Your task:
Print the lines that run from the line with "Meters and whole degrees. One" to the line with "Lens: 83.8° across the image width.", keeping both end lines, exactly as they appear in the entries below, and nothing else.
* * * * * * *
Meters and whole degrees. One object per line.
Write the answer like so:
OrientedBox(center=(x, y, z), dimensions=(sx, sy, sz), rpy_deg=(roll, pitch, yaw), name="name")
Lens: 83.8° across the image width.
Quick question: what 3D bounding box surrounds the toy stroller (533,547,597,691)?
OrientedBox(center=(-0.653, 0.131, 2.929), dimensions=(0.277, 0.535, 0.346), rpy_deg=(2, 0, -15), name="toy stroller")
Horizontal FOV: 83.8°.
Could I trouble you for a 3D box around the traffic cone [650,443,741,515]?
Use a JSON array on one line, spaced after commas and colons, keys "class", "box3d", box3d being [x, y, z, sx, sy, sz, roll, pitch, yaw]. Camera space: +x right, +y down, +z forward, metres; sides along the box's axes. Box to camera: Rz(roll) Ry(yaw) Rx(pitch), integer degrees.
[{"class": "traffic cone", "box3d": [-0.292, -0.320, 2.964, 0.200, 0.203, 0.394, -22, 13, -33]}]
* * * * * * *
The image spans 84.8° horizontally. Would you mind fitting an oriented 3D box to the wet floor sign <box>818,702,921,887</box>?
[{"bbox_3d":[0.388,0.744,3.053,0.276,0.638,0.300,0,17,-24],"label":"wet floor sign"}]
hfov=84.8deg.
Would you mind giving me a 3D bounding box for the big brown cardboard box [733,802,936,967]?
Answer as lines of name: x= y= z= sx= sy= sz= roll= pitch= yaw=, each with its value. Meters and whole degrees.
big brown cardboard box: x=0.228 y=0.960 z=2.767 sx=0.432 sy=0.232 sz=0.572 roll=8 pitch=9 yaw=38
* * * * * * *
Task output:
Meters and whole degrees. One object per line.
Write the answer like so:
OrientedBox(center=(x, y, z), dimensions=(sx, sy, sz), rpy_deg=(roll, pitch, yaw), name="name")
Lens: 83.8° across the image width.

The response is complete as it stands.